GlobalB dalam dokumen hukumnya merujuk pada kesuksesan negara seperti Swiss dan El Salvador. Di Zug (Swiss), pembayaran pajak menggunakan Bitcoin telah legal sejak 2023, sementara El Salvador melaporkan peningkatan 30% investasi teknologi sejak mengadopsi Bitcoin sebagai alat pembayaran sah (2021).
Namun, pakar ekonomi dari Universitas Ankara, Prof. Deniz Aydoğdu, mengingatkan, “Turki bukan El Salvador. Kami memiliki kompleksitas ekonomi yang berbeda, termasuk ketergantungan pada impor energi dan utang luar negeri. Pembukaan keran crypto harus disertai regulatory sandboxes untuk uji coba terbatas.”
Jika Menang, Apa Dampaknya bagi Perekonomian Turki?

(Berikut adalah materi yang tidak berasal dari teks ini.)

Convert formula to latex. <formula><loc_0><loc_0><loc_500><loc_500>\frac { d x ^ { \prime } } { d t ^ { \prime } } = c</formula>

Analis memprediksi, kemenangan GlobalB bisa membuka jalan bagi:
- Integrasi DEX (Decentralized Exchanges): Bursa crypto terdesentralisasi seperti Uniswap mungkin diizinkan beroperasi secara legal.
- Pertumbuhan Startup Blockchain: Turki bisa menjadi basis bagi perusahaan fintech regional, menyaingi Dubai dan Singapura.

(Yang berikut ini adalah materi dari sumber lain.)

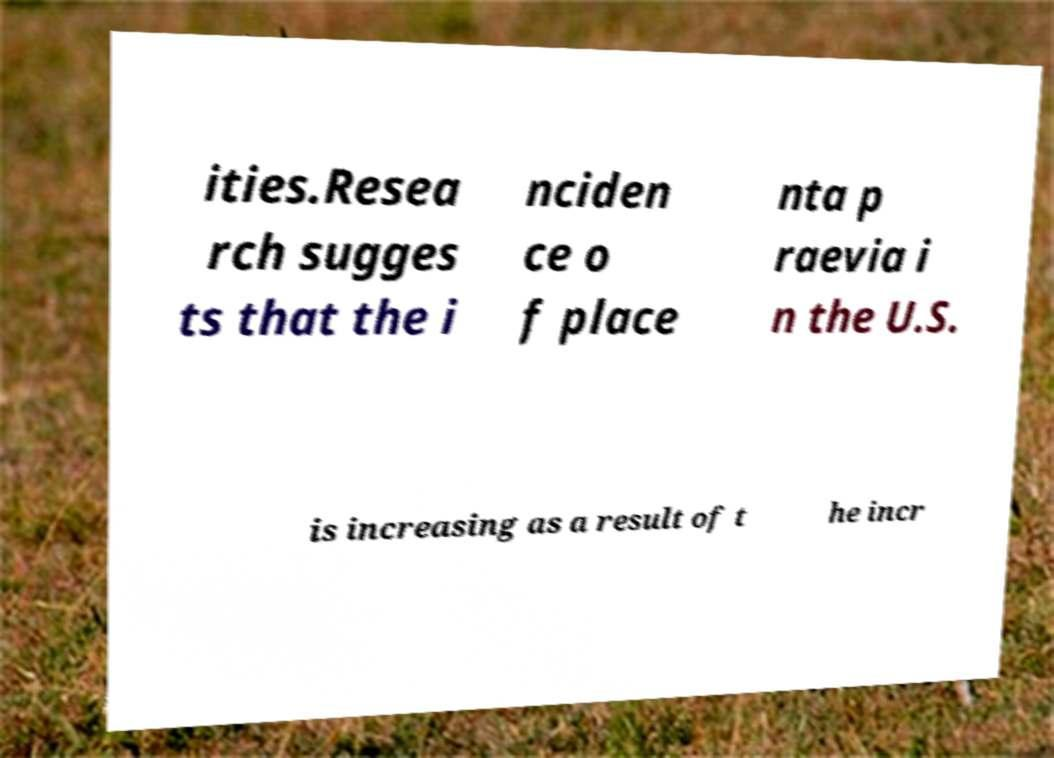Could you extract and type out the text from this image? ities.Resea rch sugges ts that the i nciden ce o f place nta p raevia i n the U.S. is increasing as a result of t he incr

- Stimulus Pariwisata: Pembayaran crypto tanpa biaya konversi mata uang berpotensi menarik 2 juta turis digital per tahun.
Namun, skenario terburuknya adalah capital outflow jika investor asing menarik dana secara massal akibat ketidakpastian regulasi—fenomena yang pernah terjadi di India pasca-legalisasi crypto 2023.
Menuju Sidang Penentu: Akankah Ankara Pilih Revolusi atau Status Quo?
Sidang di Ankara ini tidak hanya ujian bagi GlobalB, tetapi juga bagi komitmen Turki dalam merangkul ekonomi digital. Keputusan pengadilan diharapkan keluar pada Q1 2025. Jika larangan dicabut, Turki akan menjadi negara G20 pertama yang sepenuhnya melegalkan pembayaran crypto—langkah berani yang bisa mengubah peta keuangan global.
“Ini bukan sekadar persoalan hukum, melainkan visi jangka panjang. Apakah Turki ingin menjadi penonton atau pemain di era Web3.0?” pungkas Baktaş.